June 27, 2011 (LifeSiteNews.com) – Euthanasia is on the rise in the Netherlands, and it is taking an even uglier turn than many would have expected.
Cases of euthanasia have risen from 2,500 in 2009 to 2,700 in 2010; but even more shocking, last year 21 persons suffering from the early stages of dementia, but who were otherwise in good health, were euthanized. All of these 21 “mercy killings” were subsequently approved by the official euthanasia follow-up commission.
This 2010 annual report on euthanasia has yet to be published, but key figures were released by the official news channel, NOS, last Saturday.
The program on NOS told the story of 63-year-old Guusje de Koning, one of the “beneficiaries” of euthanasia last year.
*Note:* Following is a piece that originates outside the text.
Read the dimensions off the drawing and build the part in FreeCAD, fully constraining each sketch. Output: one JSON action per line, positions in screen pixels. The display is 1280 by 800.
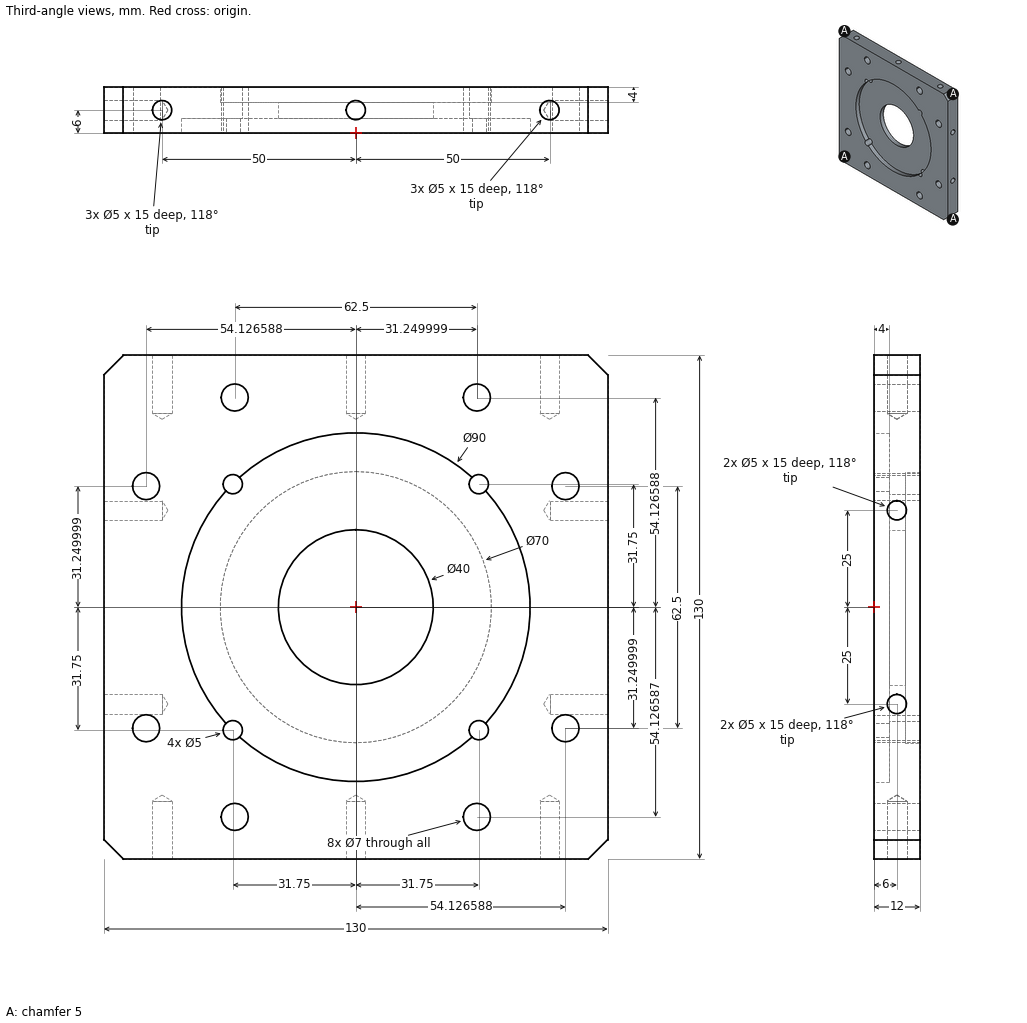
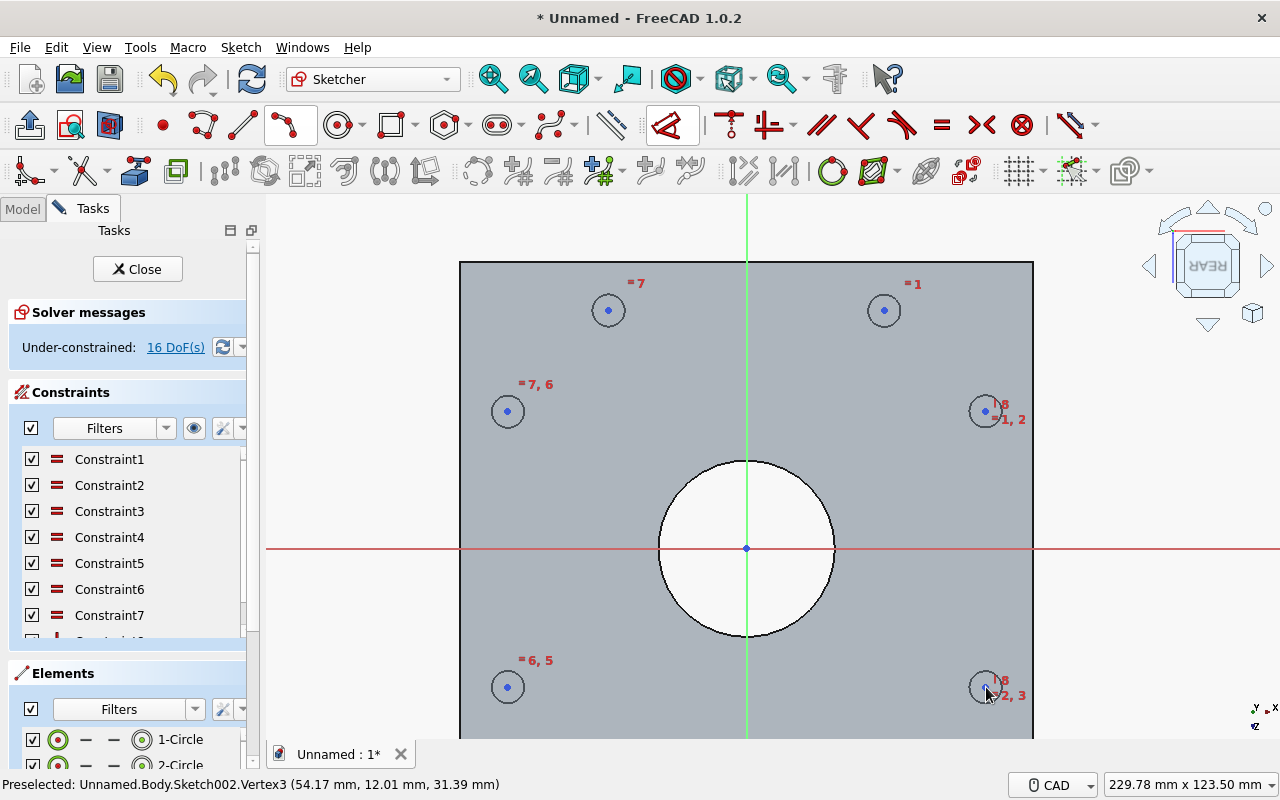
{"action": "scroll", "coordinate": [619, 299], "scroll_direction": "down", "scroll_amount": 2}

In a video shot by de Koning’s husband four days before the 63-year-old woman’s death, and aired on the television station, she explains her choice to be killed to her two children.
De Koning, a sympathetic, healthy and humorous woman with a loving husband and grown-up children, explains that she didn’t want to go on living after she was diagnosed with Alzheimer’s disease. She says she had witnessed her own father’s slow decline and death due to the illness.
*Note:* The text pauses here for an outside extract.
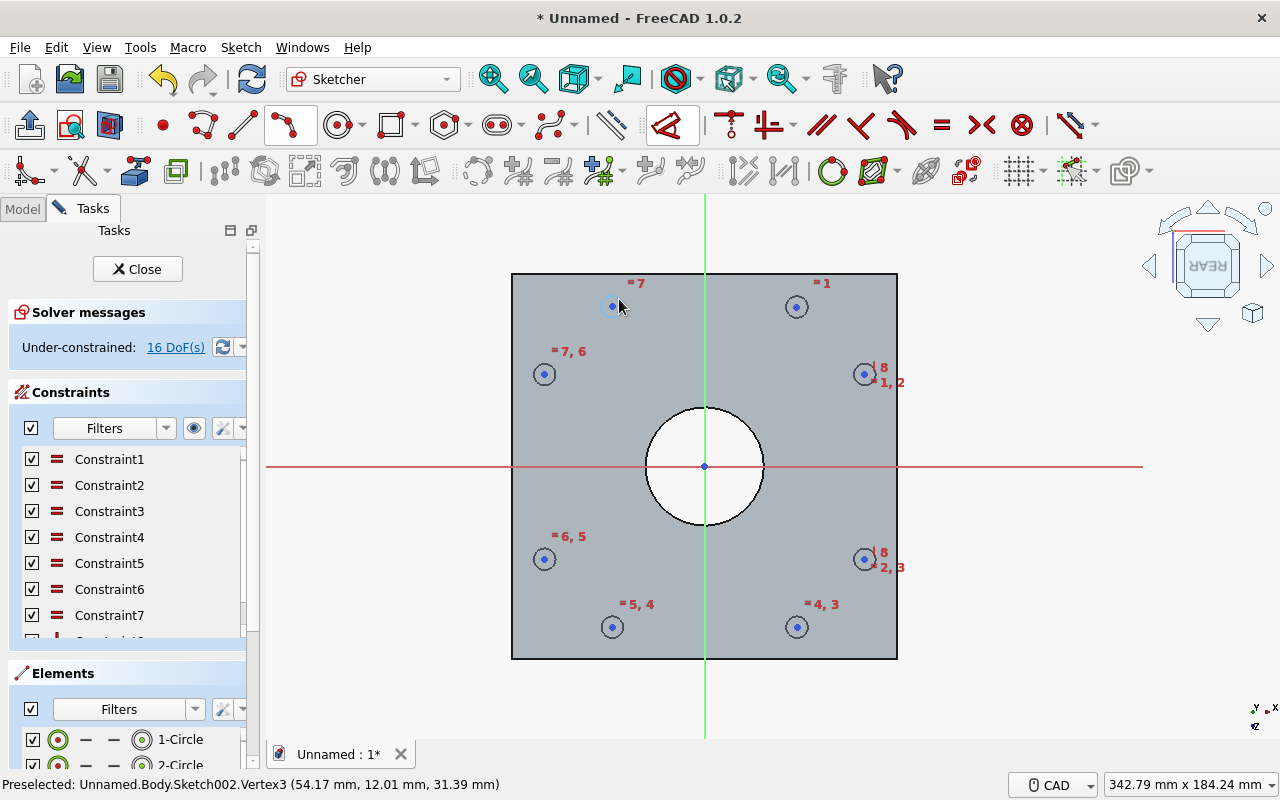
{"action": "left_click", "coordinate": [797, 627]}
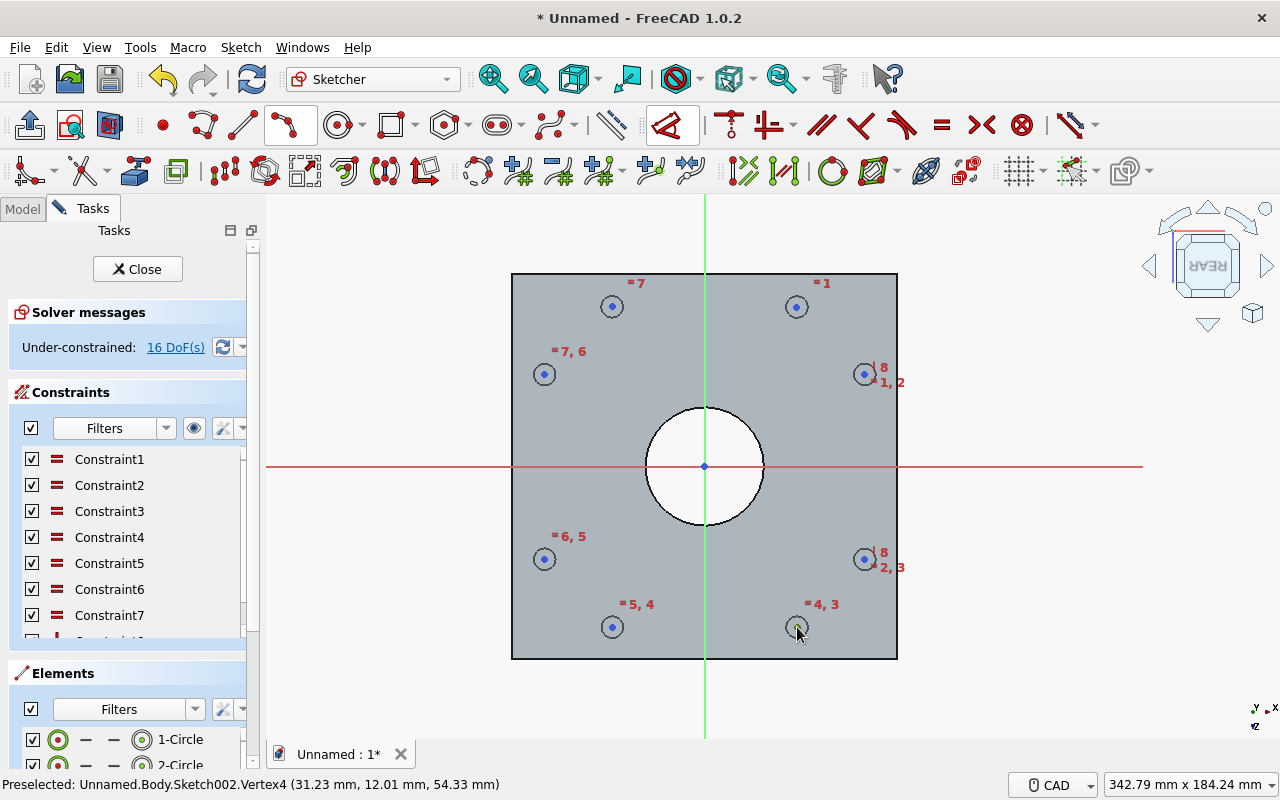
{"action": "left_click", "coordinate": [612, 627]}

“I don’t want that,” explaine de Koning to her children. “I don’t want to suffer.”
De Koning was “euthanized” in July last year. Her image is now being used to support the notion that killing of people in the first phase of dementia is a good way to avoid both suffering and the excessive cost of healthcare for elderly Netherlanders.
Euthanasia in the Netherlands is only legal when the patient is sound of mind and capable of consistently expressing the death wish. Once dementia has set in, it’s too late: even a living will made prior to the decline cannot be taken into account. The “solution” that is being proposed, therefore, is to step out of life before the disease runs its course.
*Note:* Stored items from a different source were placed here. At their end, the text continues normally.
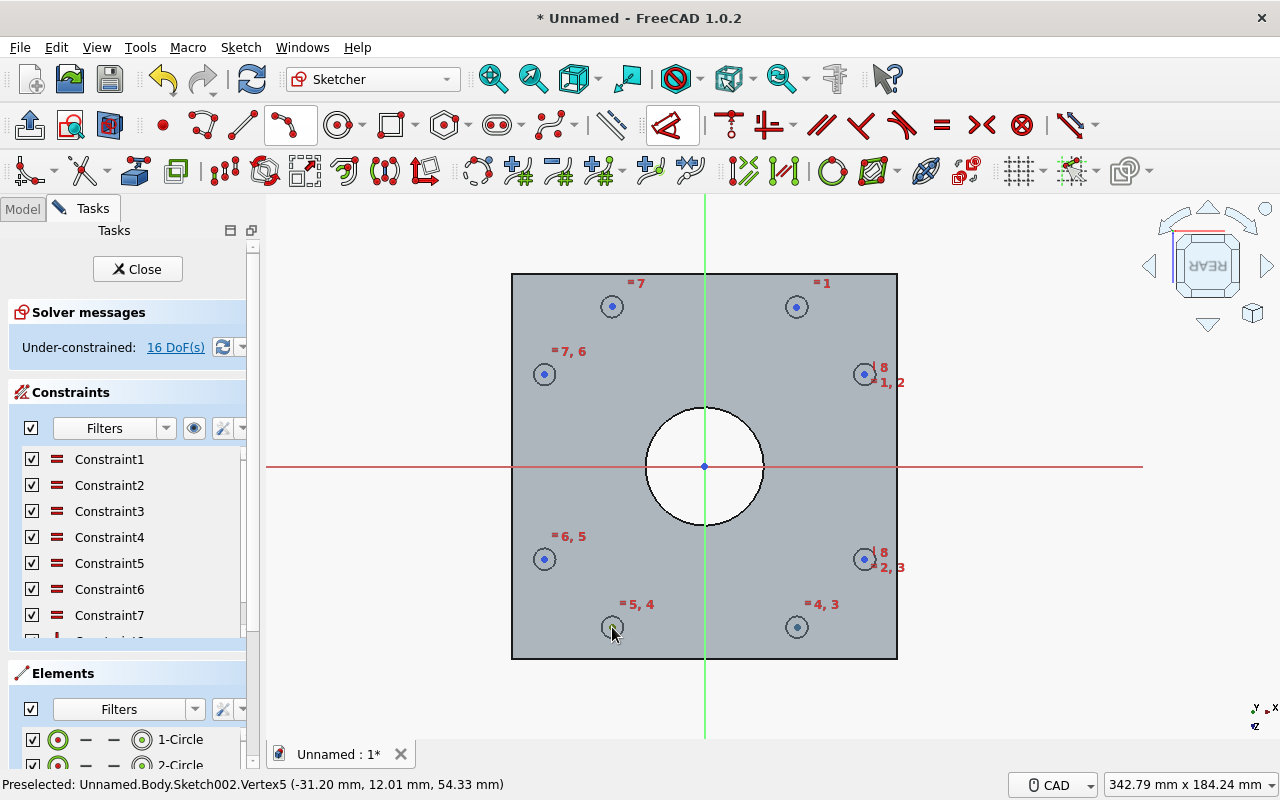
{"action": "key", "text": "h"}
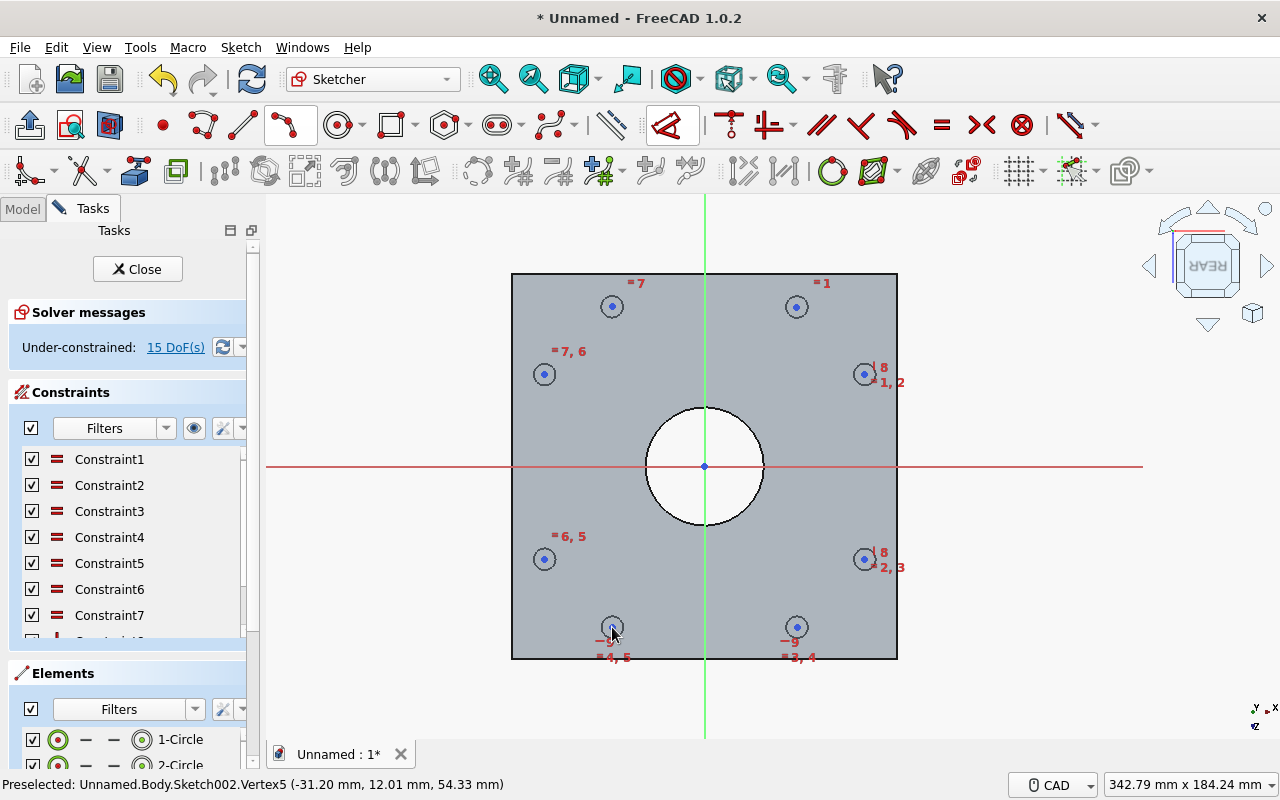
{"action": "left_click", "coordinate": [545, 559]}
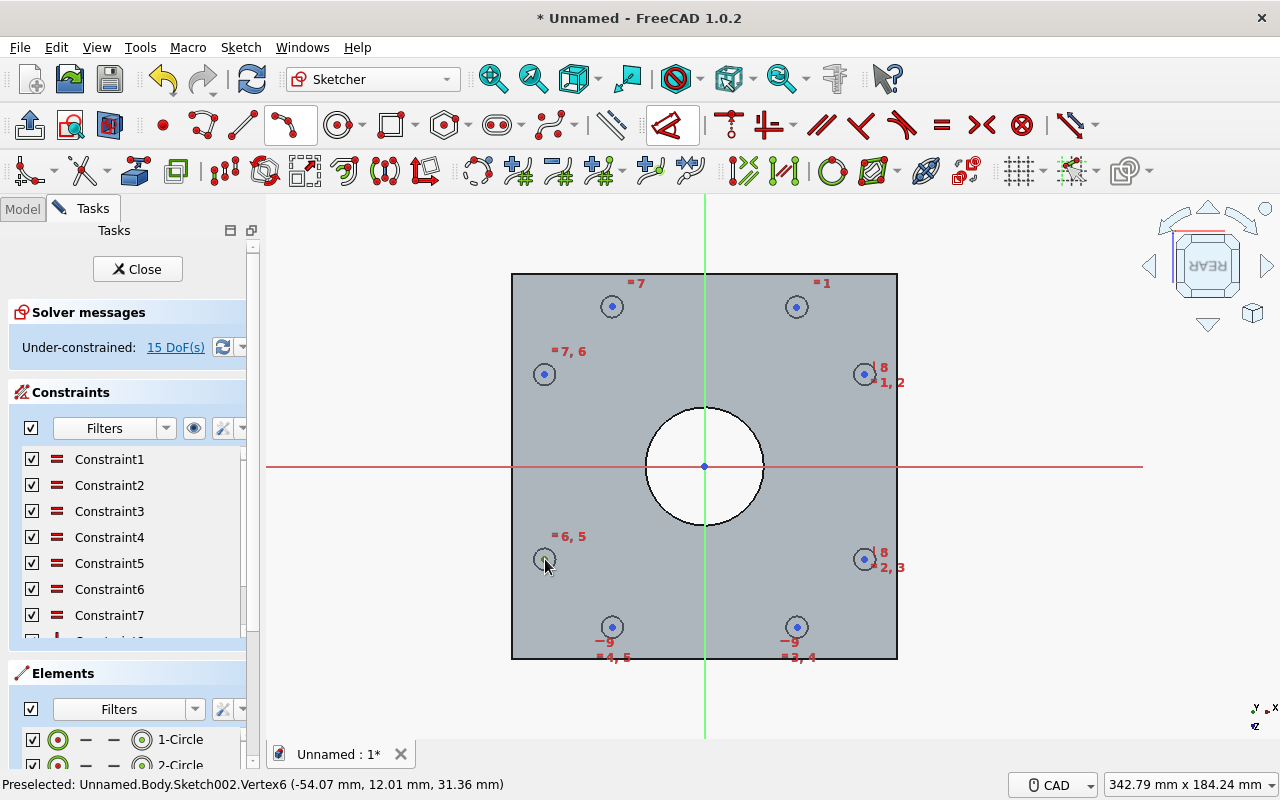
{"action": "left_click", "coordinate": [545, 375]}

For months now public meetings have been held in provincial community centers and hotels to encourage the elderly to learn about their “right” to die, even if they are in good health, but afraid of what diagnosed dementia may do to them in the near future.
However, although 95 % of the Dutch favor legal euthanasia, according to opinion polls, currently only 33 % of physicians are at this point in time prepared to euthanize a patient with incipient dementia.